FX Weekly Update – February 5th, 2024
Posted Under: Weekly updates
The dominant theme in currency markets in 2024 has been US economic strength, which is forcing markets to push back the timing of Federal Reserve rate cuts and is helping the dollar unwound most of the losses it suffered in late-2023.
Last week did not buck the trend. While the Fed January meeting did not move currency markets much, a blowout labour market report out of the US forced interest rate traders to push back the timing of the first cut from March till May. The fact that this economic strength is not matched elsewhere in the world is fueling the dollar rally, which rose last week against most major currencies, including all of those in the G10.
This week is exceptionally light in terms of both major data releases and monetary policy events in the main economic areas. The aftermath of last week’s Fed hawkishness, and evidence of an accelerating US economy, may keep most world currencies on the back foot against the US dollar, as we await the all-important inflation number from the various economic areas in mid-February. We maintain that these data points continue to be the key to medium-term currency movements.
GBP: The Bank of England’s Monetary Policy Committee edged slightly closer to a dovish stance last Thursday, as one member shifted from voting to a hike to a neutral stance, and another from neutrality to voting for a cut. However, the consensus position at the MPC is that while rates have reached their cycle high, there is little appetite for immediate cuts and the first cut will not come before the summer at the earliest. The growth forecasts were also revised upwards, with the bank saying that UK inflation would pick-up again after the second quarter.

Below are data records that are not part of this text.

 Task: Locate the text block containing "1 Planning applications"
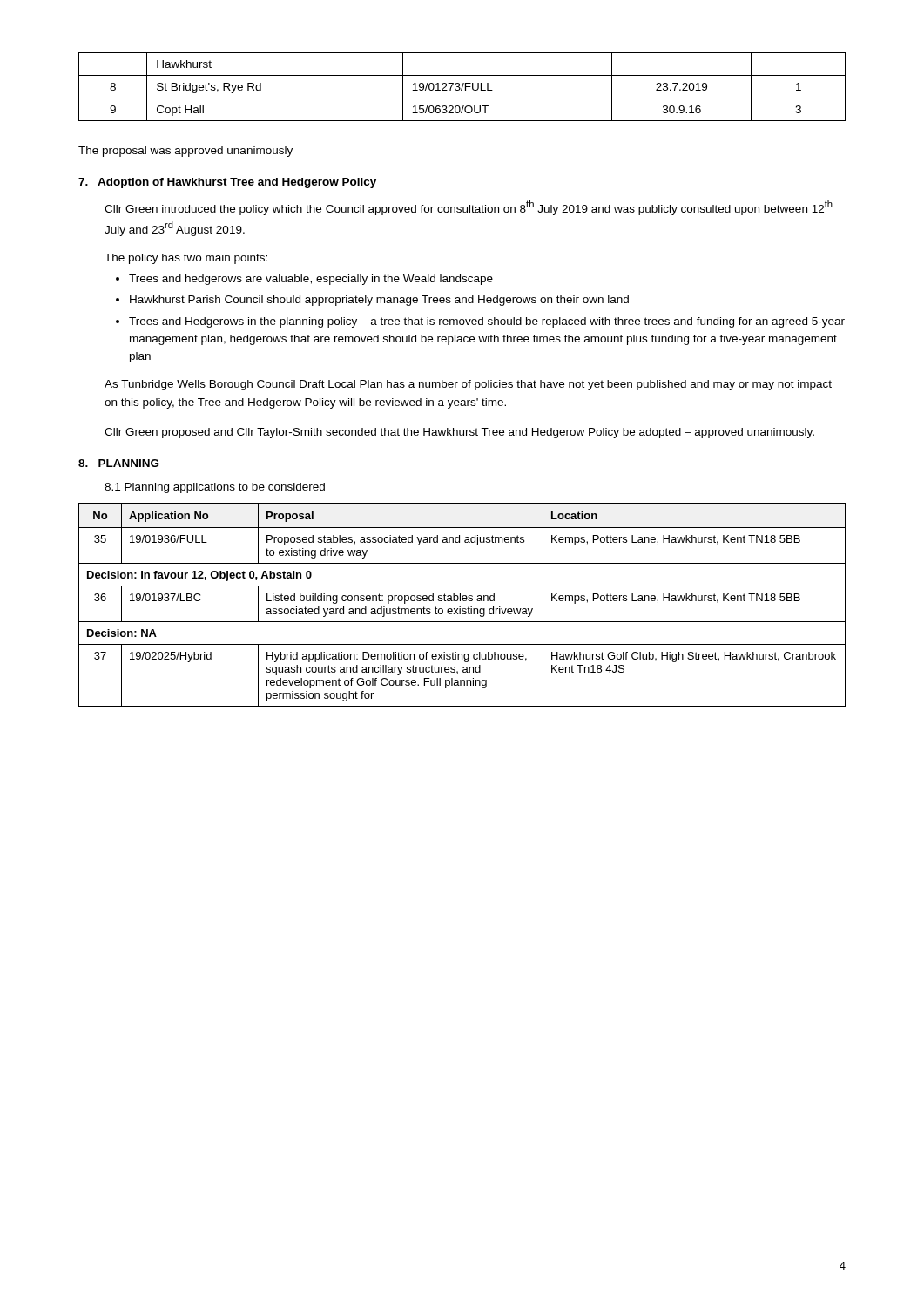click(215, 488)
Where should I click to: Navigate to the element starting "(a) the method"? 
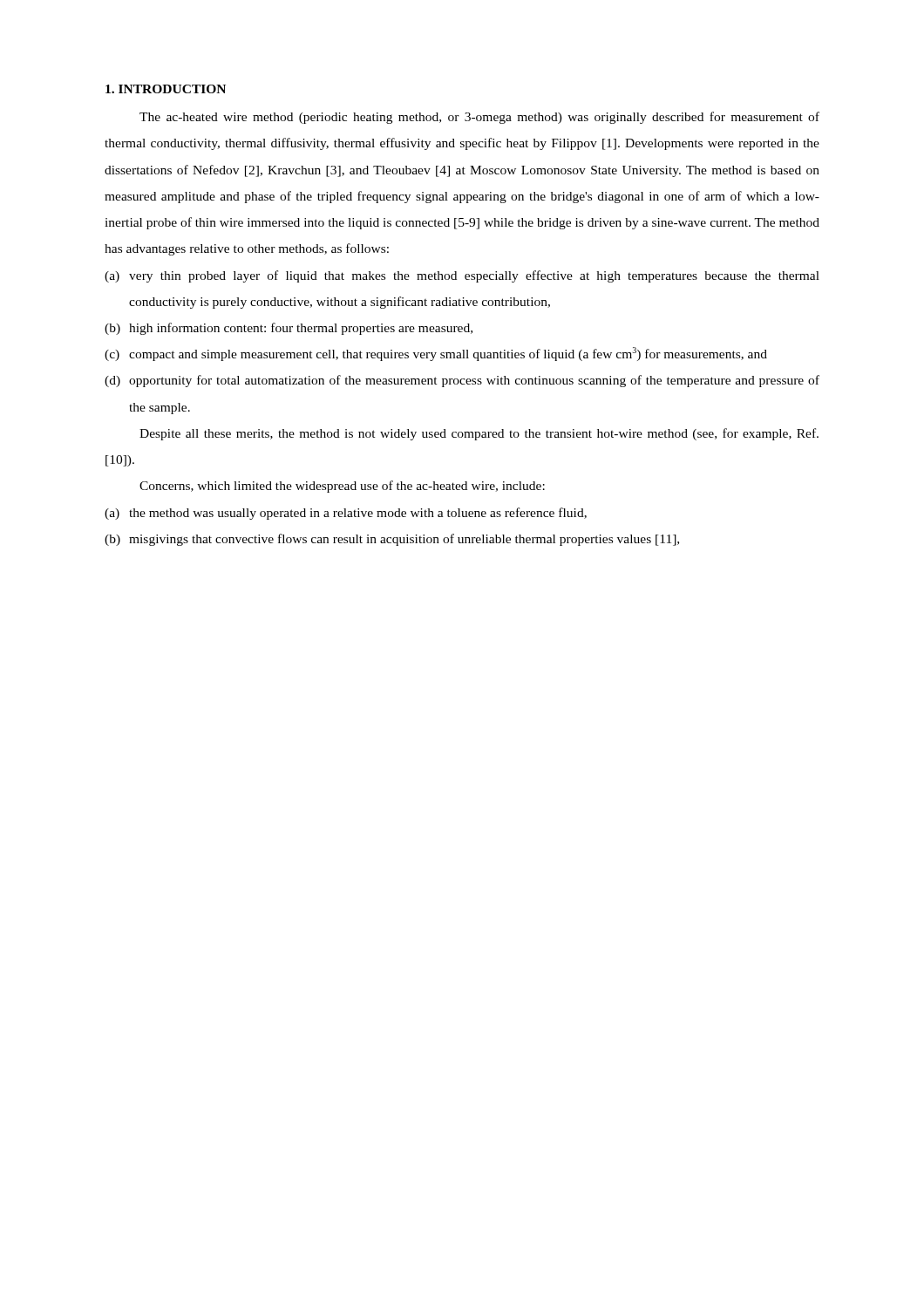click(x=462, y=512)
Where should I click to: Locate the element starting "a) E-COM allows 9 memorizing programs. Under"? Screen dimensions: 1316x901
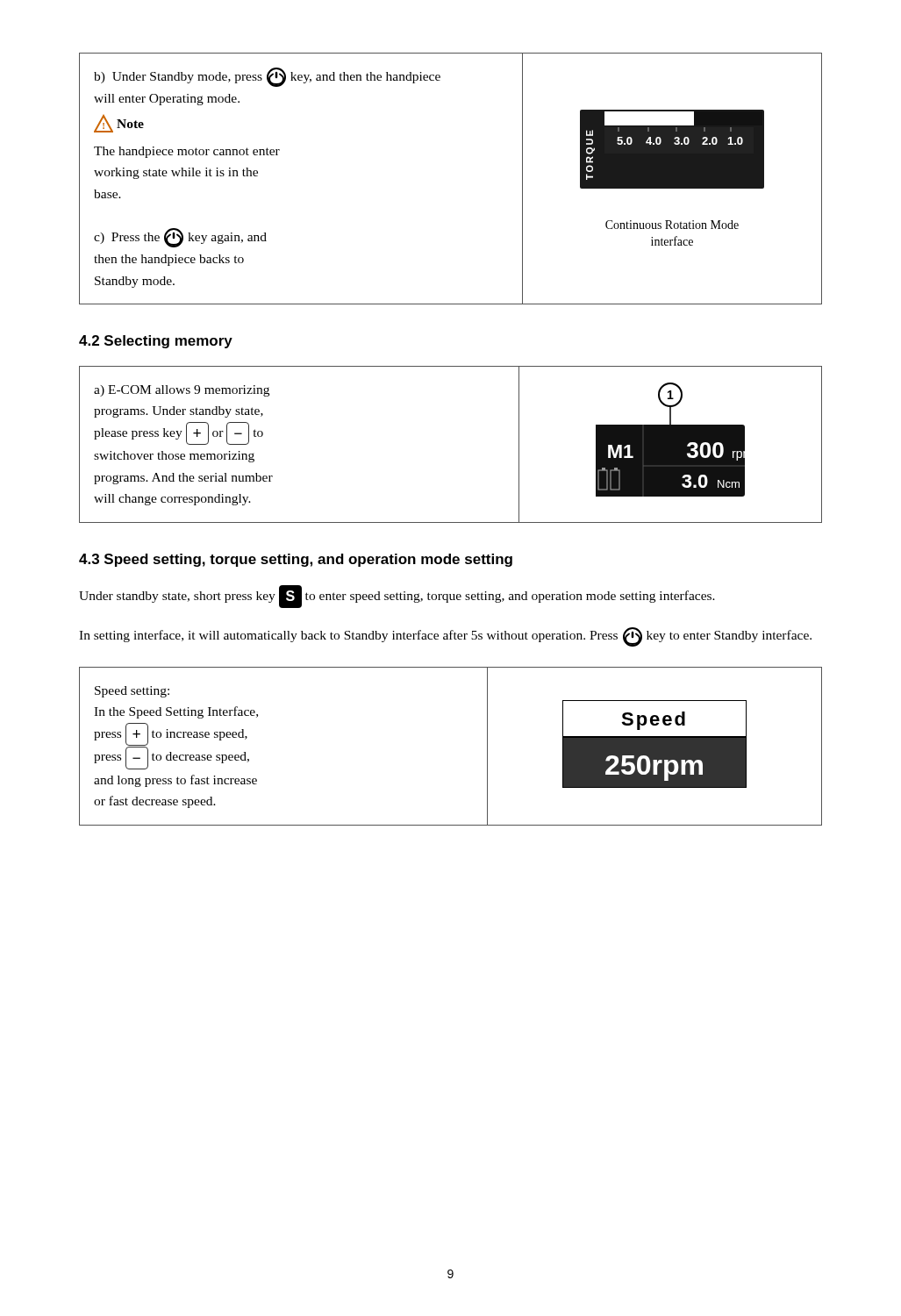183,444
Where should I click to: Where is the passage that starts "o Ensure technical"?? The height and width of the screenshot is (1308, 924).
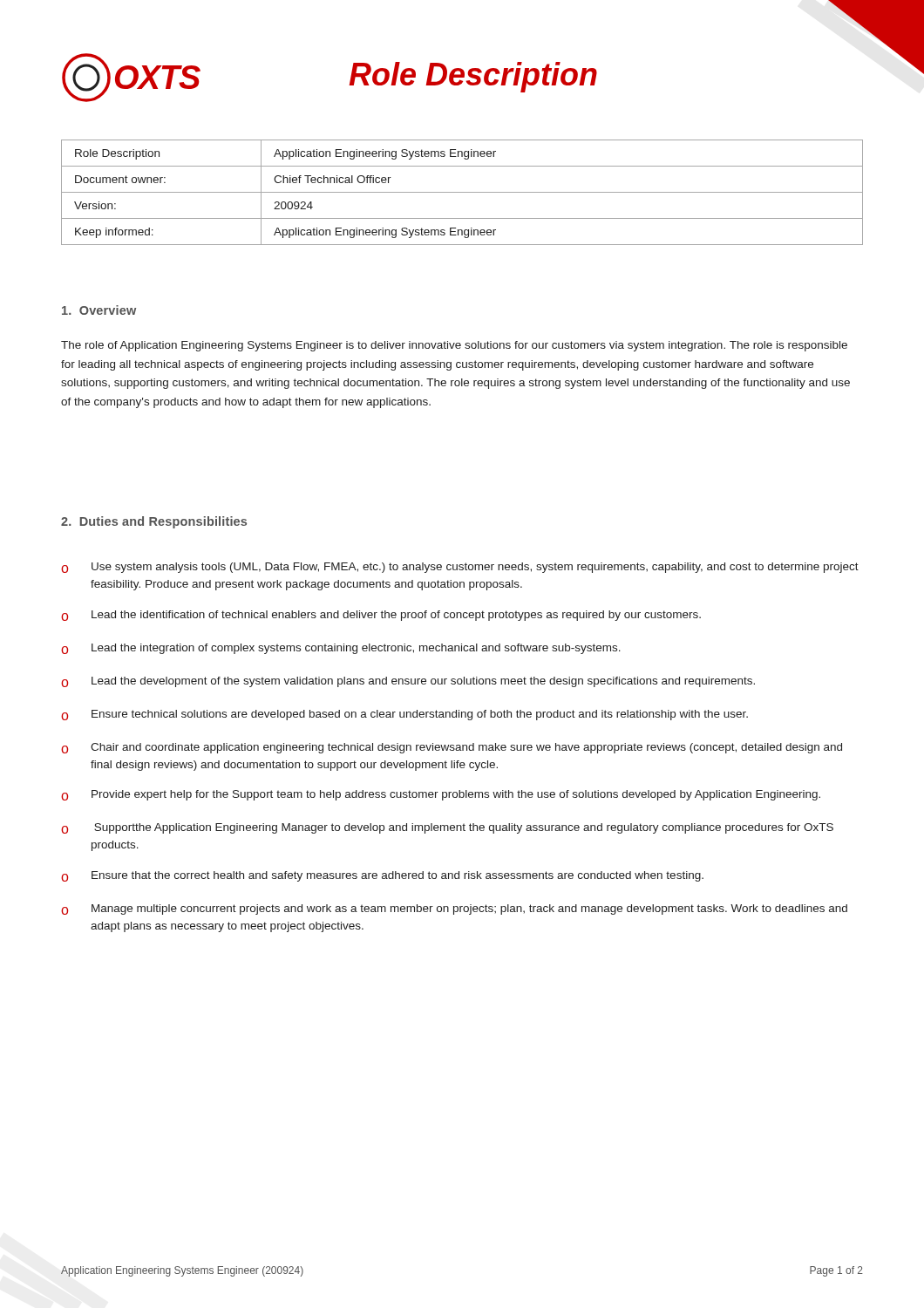(462, 715)
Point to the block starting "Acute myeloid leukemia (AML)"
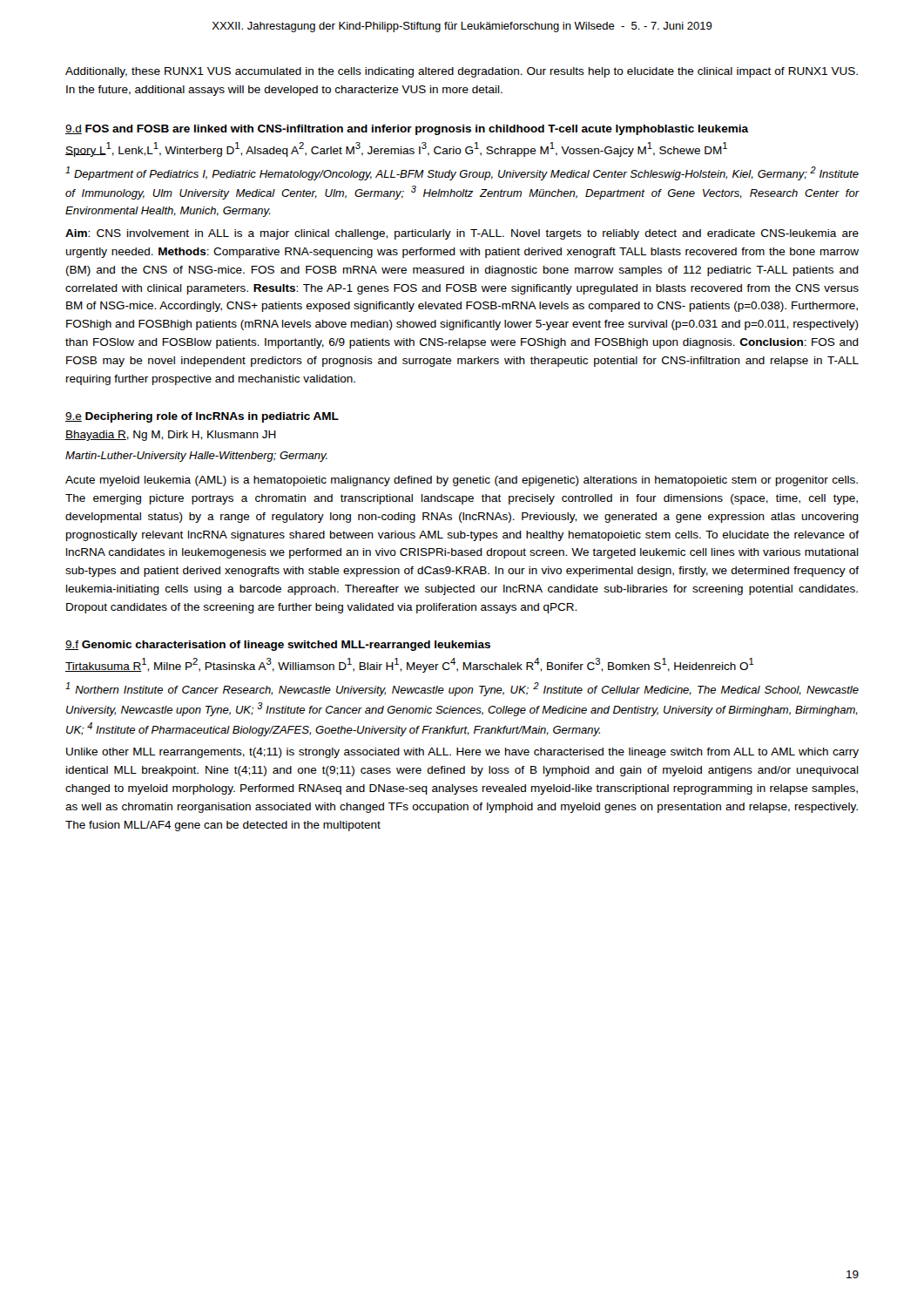 pyautogui.click(x=462, y=543)
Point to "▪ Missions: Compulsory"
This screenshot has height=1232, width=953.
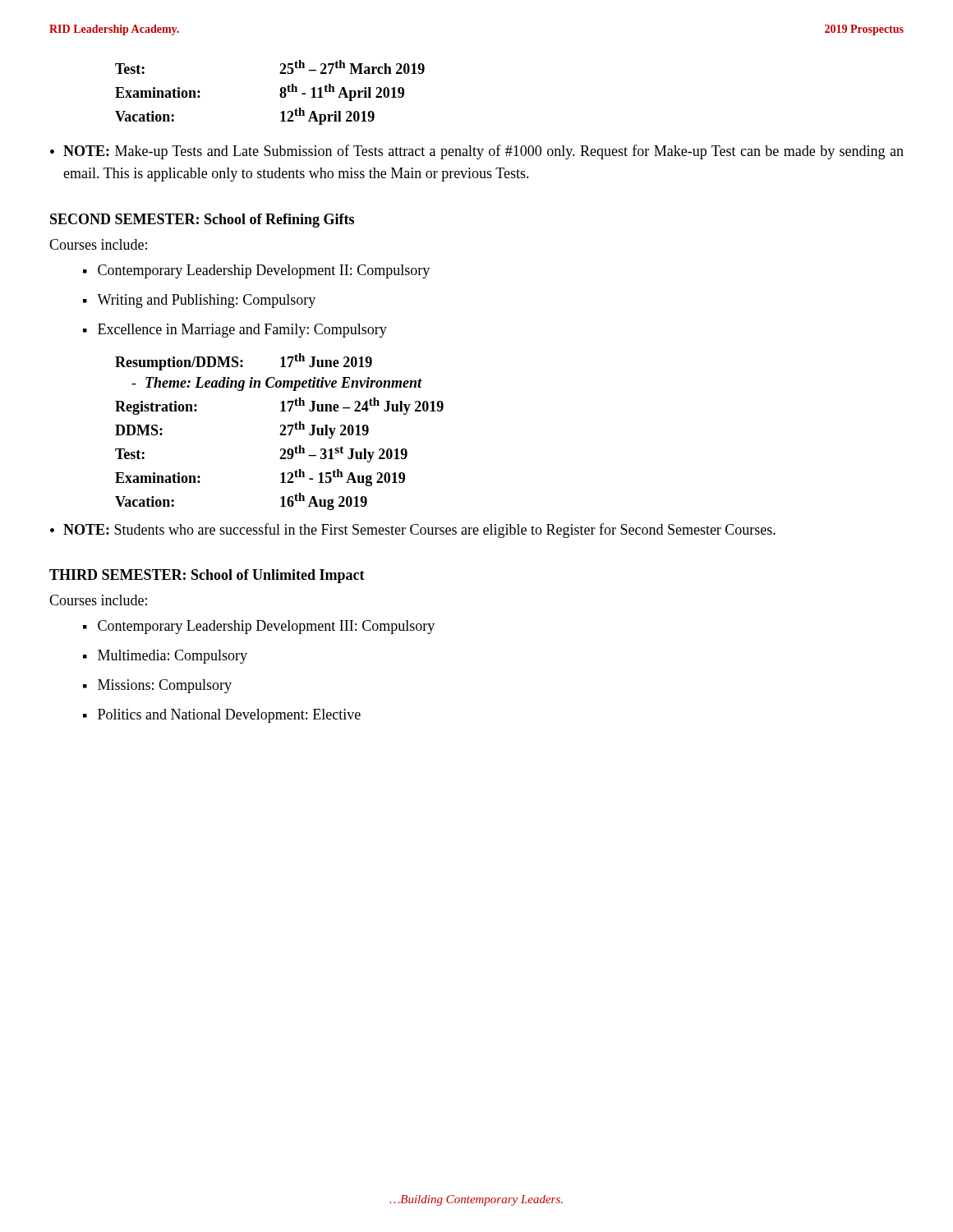[157, 686]
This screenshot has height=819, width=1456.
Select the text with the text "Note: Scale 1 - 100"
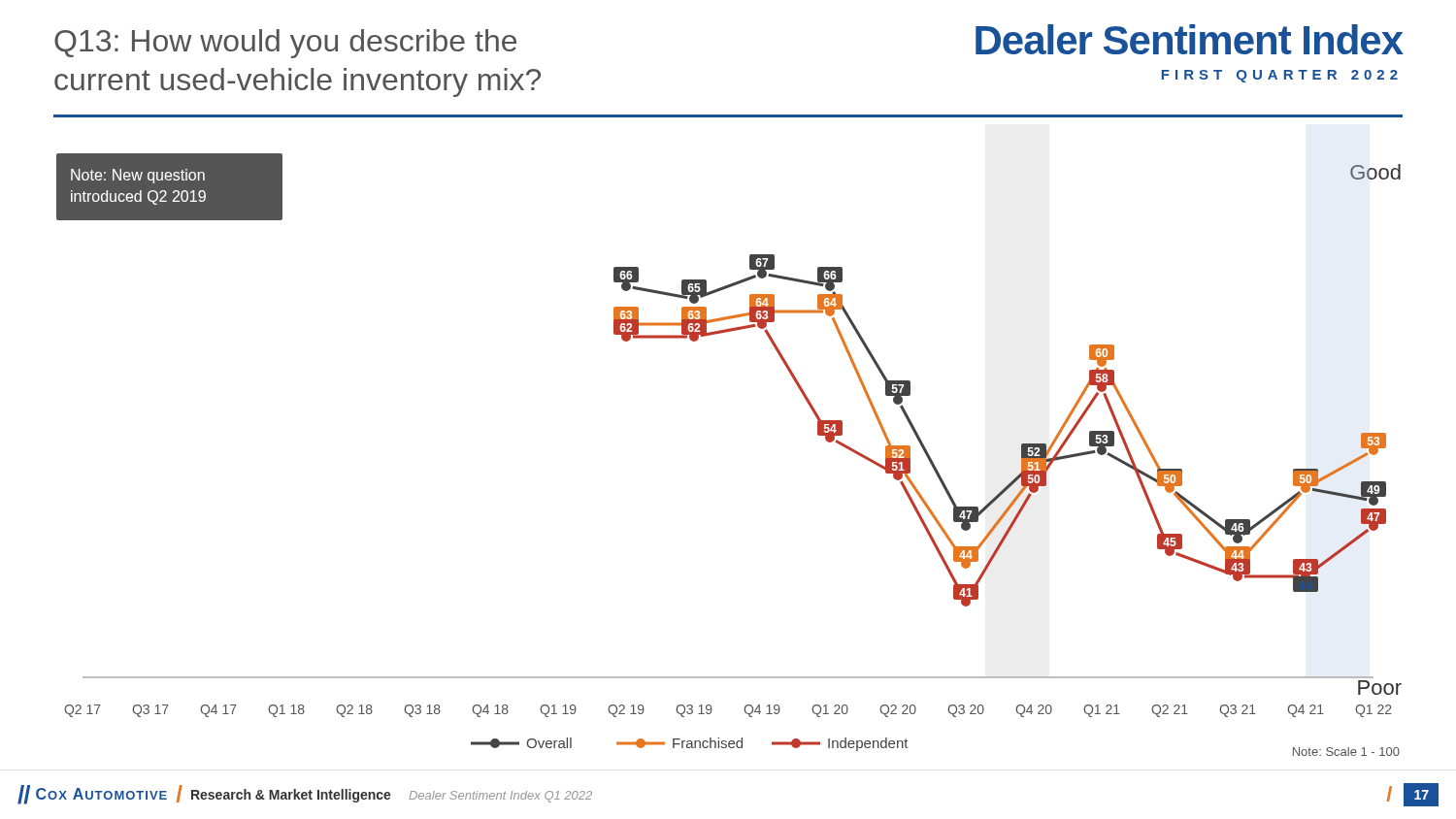1346,752
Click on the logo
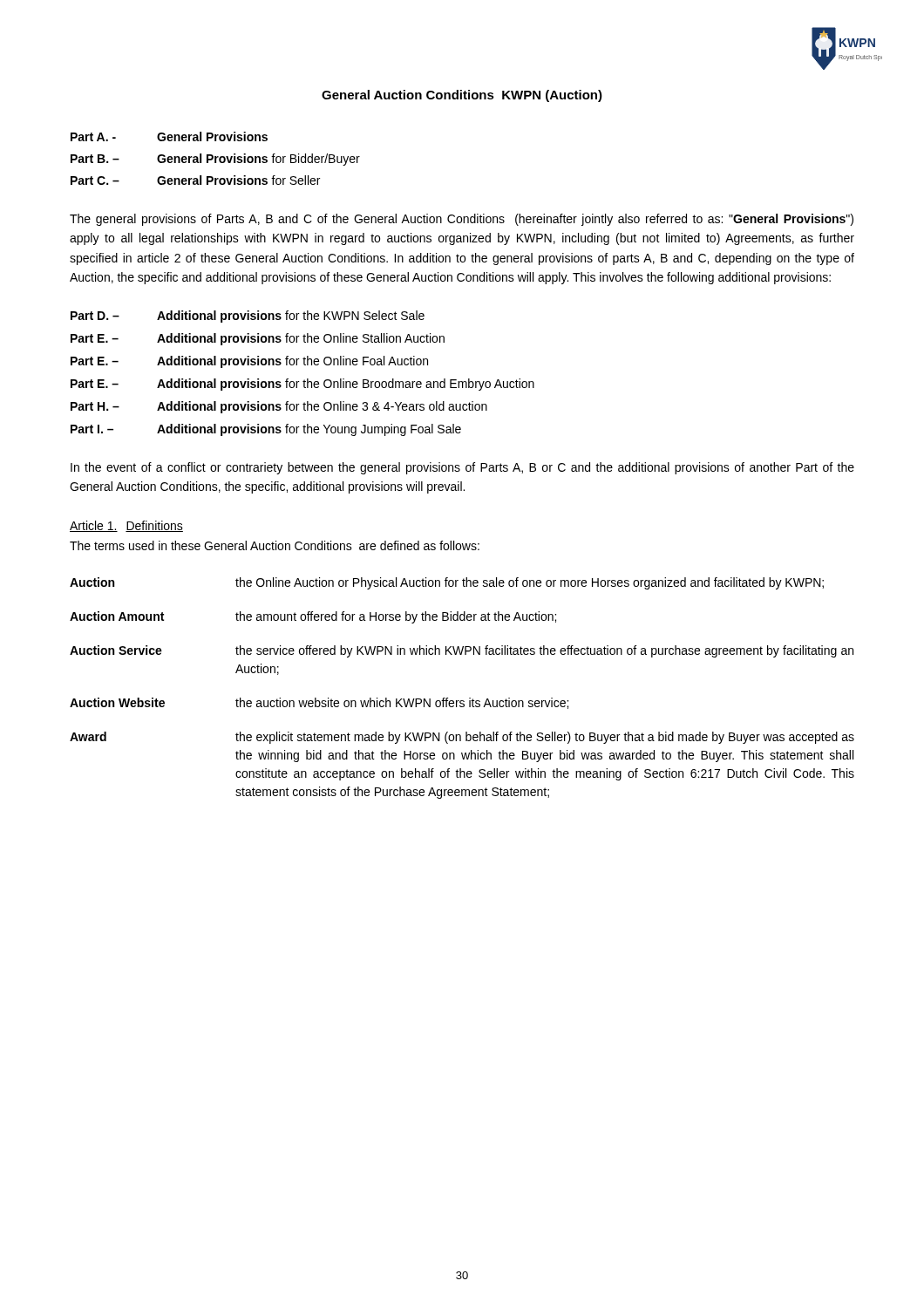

Meanwhile, sterling continues to benefit from the highest short-term rates in the G10, as well as the modestly better economic data that we are seeing recently, at least compared to other European countries. Next week’s fourth quarter GDP data will be interesting in this regard, as there remains a very reasonable chance that we could see the confirmation of a technical recession.
EUR: Data last week confirmed that the economy of the Eurozone as a whole stalled both in the last quarter of 2023 and for the entire year, though it managed to avoid a technical recession. Inflation in January continued its downward trend, albeit the core number came in slightly above market expectations.
Overall, and absent an unexpected rebound in inflationary pressures, we think it is likely that the European Central Bank will cut rates ahead of the Bank of England and the Federal Reserve, though probably not till April. Swap markets are largely in agreement, with an April cut roughly two-thirds priced in. Focus this week will be on the latest PMI numbers (Monday), followed by December retail sales (Tuesday) and speeches from ECB members, including chief economist Lane, on Thursday.
JPY: The yen received some support last week following the release of the latest Bank of Japan meeting minutes, as policymakers continued to lay the groundwork for the start to rate hikes later in the year. One member noted that conditions for an end to the negative rate policy was already being met, while there were suggestions that the impact from the New Year’s Day earthquake would be limited. The minutes also noted that discussions were being had on the process for ending the current accommodative stance.
All signs suggest that us that a first rate hike as soon as the BoJ’s April meeting remains a very real possibility, with this now roughly 70% priced in by markets. But, the bank will need to be confident of an acceleration in wages before then. The annual ‘Shunto’ wage negotiations have commenced, and members may receive news on these salary negotiations in the next couple of weeks.
CAD: As tends to be the case, the Canadian dollar closely tracked its US counterpart last week, ending trading on Friday up on almost all of its major peers. Macroeconomic news out of Canada was largely encouraging last week, which likely helped CAD on its way upwards. While running on a lag, the November GDP report beat consensus, with the economy expanding by 0.2% on the month, which was double the consensus. The manufacturing PMI also picked up from the month previous, albeit remained in contraction at 48.3.
This week could be an important one, with PMI data to be followed by a speech from Bank of Canada governor Macklem on Tuesday. Friday’s labour report for January will also be closely watched. Following the near flat month of job creation in December, markets are eyeing a solid rebound in employment, and a modest increase in the unemployment rate. The latest wage number will also likely be key, given its implications for domestic inflation.
CNY: Despite pressure from the stronger US dollar and a sell-off in Chinese assets, the yuan ended the week only marginally weaker against the greenback. To some extent, this can probably be attributed to dollar selling by major state-owned banks, which were active in the market to support the currency on Wednesday, according to Reuters sources. The retreat from a weaker yuan is also evident in stronger PBOC fixings.
China’s Evergrande saga moved closer to the end last week with the Hong Kong court ruling on the liquidation of the company, which has become a symbol of the country’s real estate crisis. Markets are still waiting for any headlines that might offer hope of an upturn in the sector, but for now, it remains in a dire place. Recent developments on economic activity suggest that things have not changed much this year, with both the official and Caixin PMI indices remaining close to December levels. In summary, the manufacturing sector is still in or on the verge of contraction, while services activity, although in expansion, is not particularly impressive. Looking ahead, it will be worth keeping an eye on January’s inflation figures, which will be published on Thursday, expected to show a fourth month of falling consumer prices.